Angiogenesis Laboratory, Department of Medical Oncology, VU University Medical Center, Amsterdam, The Netherlands.
Oncogene. 2013 Jan 17;32(3):363-74. doi: 10.1038/onc.2012.49. Epub 2012 Mar 5.
The endothelium plays a pivotal role in the progression of solid tumors and is considered a highly relevant target for therapy. However, it emerges that current clinical angiogenesis inhibitors that act through inhibition of tumor-derived growth factors are prone to inducing drug resistance. Therefore, markers of tumor endothelial cells (ECs) themselves provide attractive novel therapeutic targets. In a screen for markers of tumor angiogenesis, we recently identified high-mobility group box 1 (HMGB1), known to act as proinflammatory cytokine and chromatin-binding molecule. Here we report on the role of HMGB1 in angiogenesis by showing that its overexpression is associated with an increased angiogenic potential of ECs. HMGB1 stimulates the expression of players in vascular endothelial growth factor and platelet-derived growth factor signaling, both in vitro and in vivo. Importantly, we show that HMGB1 triggers and helps to sustain this proangiogenic gene expression program in ECs, additionally characterized by increased activity of matrix metalloproteinases, integrins and nuclear factor-κB. Moreover, we found that HMGB1 is involved in several autocrine and/or paracrine feedback mechanisms resulting in positive enforcement of HMGB1 expression, and that of its receptors, RAGE (receptor for advanced glycation end products) and Toll-like receptor 4 (TLR4). Interference in HMGB1 expression and/or function using knockdown approaches and antibody-mediated targeting to break this vicious circle resulted in inhibited migration and sprouting of ECs. Using different in vivo models, therapeutic efficacy of HMGB1 targeting was confirmed. First, we demonstrated induction of HMGB1 expression in the chicken embryo chorioallantoic membrane (CAM) neovasculature following both photodynamic therapy and tumor challenge. We subsequently showed that anti-HMGB1 antibodies inhibited vessel density in both models, accompanied by a reduced vascular expression of angiogenic growth factor receptors. Collectively, these data identify HMGB1 as an important modulator of tumor angiogenesis and suggest the feasibility of targeting HMGB1 for multi-level cancer treatment.

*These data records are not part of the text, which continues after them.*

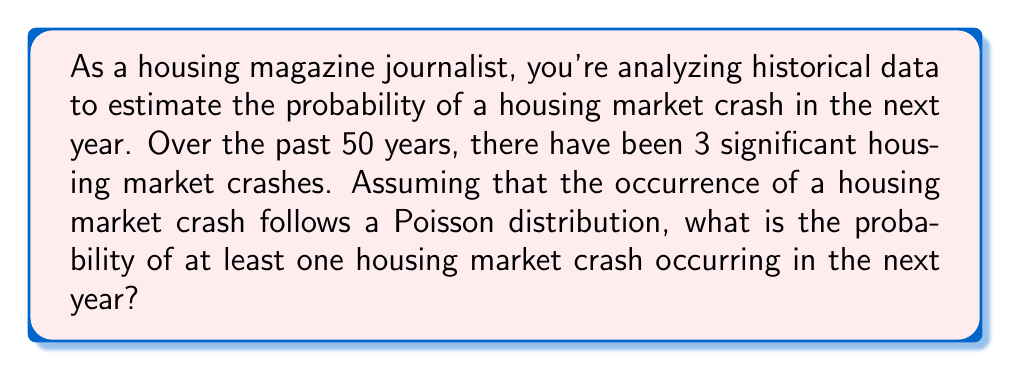Can you solve this math problem? To solve this problem, we'll use the Poisson distribution, which is suitable for modeling rare events over a fixed interval of time. Let's break it down step-by-step:

1. Calculate the rate parameter (λ):
   λ = Number of events / Time period
   λ = 3 crashes / 50 years = 0.06 crashes per year

2. We want to find the probability of at least one crash in the next year. This is equivalent to 1 minus the probability of zero crashes.

3. The Poisson probability mass function is:
   $$ P(X = k) = \frac{e^{-λ} λ^k}{k!} $$
   where k is the number of events, and λ is the rate parameter.

4. For zero crashes (k = 0):
   $$ P(X = 0) = \frac{e^{-0.06} (0.06)^0}{0!} = e^{-0.06} $$

5. The probability of at least one crash is:
   $$ P(X \geq 1) = 1 - P(X = 0) = 1 - e^{-0.06} $$

6. Calculate the final result:
   $$ 1 - e^{-0.06} \approx 1 - 0.9417 \approx 0.0583 $$
Answer: The probability of at least one housing market crash occurring in the next year is approximately 0.0583 or 5.83%.

内皮细胞在实体瘤的进展中起着关键作用,被认为是治疗的一个非常相关的靶点。然而,目前通过抑制肿瘤衍生的生长因子来发挥作用的临床血管生成抑制剂容易产生耐药性。因此,肿瘤内皮细胞(EC)本身的标志物提供了有吸引力的新的治疗靶点。在筛选肿瘤血管生成标志物的过程中,我们最近发现高迁移率族蛋白 B1(HMGB1),已知作为促炎细胞因子和染色质结合分子。在这里,我们报告了 HMGB1 在血管生成中的作用,表明其过表达与 EC 的血管生成潜力增加有关。HMGB1 刺激血管内皮生长因子和血小板衍生生长因子信号通路中蛋白的表达,无论是在体外还是体内。重要的是,我们表明 HMGB1 在 EC 中触发并有助于维持这种促血管生成基因表达程序,其特征还包括基质金属蛋白酶、整合素和核因子-κB 的活性增加。此外,我们发现 HMGB1 参与了几个自分泌和/或旁分泌反馈机制,导致 HMGB1 表达及其受体 RAGE(晚期糖基化终产物受体)和 Toll 样受体 4(TLR4)的表达增强。使用敲低方法和抗体靶向进行的 HMGB1 表达和/或功能的干扰导致 EC 的迁移和发芽受到抑制。使用不同的体内模型,证实了 HMGB1 靶向的治疗效果。首先,我们证明了在鸡胚绒毛尿囊膜(CAM)新生血管中,光动力疗法和肿瘤挑战后 HMGB1 的表达均被诱导。随后,我们表明抗 HMGB1 抗体抑制了两种模型中的血管密度,同时降低了血管中血管生成生长因子受体的表达。总之,这些数据表明 HMGB1 是肿瘤血管生成的重要调节剂,并表明靶向 HMGB1 进行多层次癌症治疗的可行性。